Task details: The answer is the full set of records below, transcribed exactly.

※ ※ ※

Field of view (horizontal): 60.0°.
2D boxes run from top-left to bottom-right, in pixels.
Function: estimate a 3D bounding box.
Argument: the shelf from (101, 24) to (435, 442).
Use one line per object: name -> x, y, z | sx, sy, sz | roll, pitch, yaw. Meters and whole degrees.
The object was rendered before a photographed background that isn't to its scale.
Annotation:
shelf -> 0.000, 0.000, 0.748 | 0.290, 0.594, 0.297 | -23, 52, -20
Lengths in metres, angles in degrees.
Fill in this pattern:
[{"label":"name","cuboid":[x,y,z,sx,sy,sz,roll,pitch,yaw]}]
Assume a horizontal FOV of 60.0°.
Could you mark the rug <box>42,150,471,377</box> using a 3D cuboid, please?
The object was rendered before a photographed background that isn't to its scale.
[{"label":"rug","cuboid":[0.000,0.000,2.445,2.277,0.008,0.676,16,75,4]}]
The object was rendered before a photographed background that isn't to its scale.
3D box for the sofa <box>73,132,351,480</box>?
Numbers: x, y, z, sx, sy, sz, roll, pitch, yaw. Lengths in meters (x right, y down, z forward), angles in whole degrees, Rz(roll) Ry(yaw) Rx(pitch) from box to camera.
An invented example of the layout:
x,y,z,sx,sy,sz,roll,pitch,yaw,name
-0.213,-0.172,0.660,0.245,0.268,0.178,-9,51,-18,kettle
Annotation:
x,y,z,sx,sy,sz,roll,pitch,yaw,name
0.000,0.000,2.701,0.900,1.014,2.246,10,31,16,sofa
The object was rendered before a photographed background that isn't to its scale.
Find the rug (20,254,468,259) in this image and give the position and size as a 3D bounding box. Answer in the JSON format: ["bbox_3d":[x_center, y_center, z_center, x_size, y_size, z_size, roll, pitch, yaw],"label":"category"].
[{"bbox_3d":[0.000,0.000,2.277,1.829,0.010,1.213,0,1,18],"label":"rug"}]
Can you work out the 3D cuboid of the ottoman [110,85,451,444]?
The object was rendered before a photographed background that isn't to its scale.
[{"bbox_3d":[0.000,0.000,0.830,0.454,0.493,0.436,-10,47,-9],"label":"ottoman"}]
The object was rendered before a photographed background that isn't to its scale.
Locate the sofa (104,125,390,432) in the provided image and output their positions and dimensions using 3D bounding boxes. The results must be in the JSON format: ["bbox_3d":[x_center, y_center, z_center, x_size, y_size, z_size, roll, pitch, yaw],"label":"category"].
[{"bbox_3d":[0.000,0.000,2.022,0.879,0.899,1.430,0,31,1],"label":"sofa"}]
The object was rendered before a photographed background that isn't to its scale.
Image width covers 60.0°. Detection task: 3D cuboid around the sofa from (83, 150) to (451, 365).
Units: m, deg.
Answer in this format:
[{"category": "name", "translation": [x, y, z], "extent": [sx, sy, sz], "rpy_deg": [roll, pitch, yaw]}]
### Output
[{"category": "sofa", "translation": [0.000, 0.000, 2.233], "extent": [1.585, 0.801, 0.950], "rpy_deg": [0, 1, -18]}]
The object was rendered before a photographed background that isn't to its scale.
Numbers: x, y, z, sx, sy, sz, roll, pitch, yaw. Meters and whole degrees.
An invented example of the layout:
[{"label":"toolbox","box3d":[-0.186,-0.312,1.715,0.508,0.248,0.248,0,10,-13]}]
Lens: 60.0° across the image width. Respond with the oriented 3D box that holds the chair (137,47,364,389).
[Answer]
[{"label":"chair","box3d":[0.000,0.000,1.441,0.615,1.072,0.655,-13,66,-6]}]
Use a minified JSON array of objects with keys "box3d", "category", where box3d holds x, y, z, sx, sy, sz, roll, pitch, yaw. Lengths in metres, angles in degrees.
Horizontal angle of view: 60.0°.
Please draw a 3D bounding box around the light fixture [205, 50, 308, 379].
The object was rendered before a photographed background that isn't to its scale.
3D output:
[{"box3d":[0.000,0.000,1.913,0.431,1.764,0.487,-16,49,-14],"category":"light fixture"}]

※ ※ ※

Worked solution:
Field of view (horizontal): 60.0°.
2D boxes run from top-left to bottom-right, in pixels.
Function: estimate a 3D bounding box.
Argument: the shelf from (101, 24) to (435, 442).
Use one line per object: name -> x, y, z | sx, sy, sz | roll, pitch, yaw. Meters and whole degrees.
The object was rendered before a photographed background that isn't to its scale.
Annotation:
shelf -> 0.000, 0.000, 0.748 | 0.290, 0.594, 0.297 | -23, 52, -20
Lengths in metres, angles in degrees.
Fill in this pattern:
[{"label":"name","cuboid":[x,y,z,sx,sy,sz,roll,pitch,yaw]}]
Assume a horizontal FOV of 60.0°.
Could you mark the rug <box>42,150,471,377</box> using a 3D cuboid, please?
The object was rendered before a photographed background that isn't to its scale.
[{"label":"rug","cuboid":[0.000,0.000,2.445,2.277,0.008,0.676,16,75,4]}]
The object was rendered before a photographed background that isn't to its scale.
3D box for the sofa <box>73,132,351,480</box>?
Numbers: x, y, z, sx, sy, sz, roll, pitch, yaw. Lengths in meters (x right, y down, z forward), angles in whole degrees, Rz(roll) Ry(yaw) Rx(pitch) from box to camera.
An invented example of the layout:
x,y,z,sx,sy,sz,roll,pitch,yaw,name
-0.213,-0.172,0.660,0.245,0.268,0.178,-9,51,-18,kettle
Annotation:
x,y,z,sx,sy,sz,roll,pitch,yaw,name
0.000,0.000,2.701,0.900,1.014,2.246,10,31,16,sofa
The object was rendered before a photographed background that isn't to its scale.
Find the rug (20,254,468,259) in this image and give the position and size as a 3D bounding box. Answer in the JSON format: ["bbox_3d":[x_center, y_center, z_center, x_size, y_size, z_size, roll, pitch, yaw],"label":"category"].
[{"bbox_3d":[0.000,0.000,2.277,1.829,0.010,1.213,0,1,18],"label":"rug"}]
Can you work out the 3D cuboid of the ottoman [110,85,451,444]?
The object was rendered before a photographed background that isn't to its scale.
[{"bbox_3d":[0.000,0.000,0.830,0.454,0.493,0.436,-10,47,-9],"label":"ottoman"}]
The object was rendered before a photographed background that isn't to its scale.
Locate the sofa (104,125,390,432) in the provided image and output their positions and dimensions using 3D bounding boxes. The results must be in the JSON format: ["bbox_3d":[x_center, y_center, z_center, x_size, y_size, z_size, roll, pitch, yaw],"label":"category"].
[{"bbox_3d":[0.000,0.000,2.022,0.879,0.899,1.430,0,31,1],"label":"sofa"}]
The object was rendered before a photographed background that isn't to its scale.
Image width covers 60.0°. Detection task: 3D cuboid around the sofa from (83, 150) to (451, 365).
Units: m, deg.
Answer in this format:
[{"category": "name", "translation": [x, y, z], "extent": [sx, sy, sz], "rpy_deg": [roll, pitch, yaw]}]
### Output
[{"category": "sofa", "translation": [0.000, 0.000, 2.233], "extent": [1.585, 0.801, 0.950], "rpy_deg": [0, 1, -18]}]
The object was rendered before a photographed background that isn't to its scale.
Numbers: x, y, z, sx, sy, sz, roll, pitch, yaw. Meters and whole degrees.
An invented example of the layout:
[{"label":"toolbox","box3d":[-0.186,-0.312,1.715,0.508,0.248,0.248,0,10,-13]}]
Lens: 60.0° across the image width. Respond with the oriented 3D box that holds the chair (137,47,364,389).
[Answer]
[{"label":"chair","box3d":[0.000,0.000,1.441,0.615,1.072,0.655,-13,66,-6]}]
Use a minified JSON array of objects with keys "box3d", "category", where box3d holds x, y, z, sx, sy, sz, roll, pitch, yaw. Lengths in metres, angles in degrees.
Horizontal angle of view: 60.0°.
Please draw a 3D bounding box around the light fixture [205, 50, 308, 379].
The object was rendered before a photographed background that isn't to its scale.
3D output:
[{"box3d":[0.000,0.000,1.913,0.431,1.764,0.487,-16,49,-14],"category":"light fixture"}]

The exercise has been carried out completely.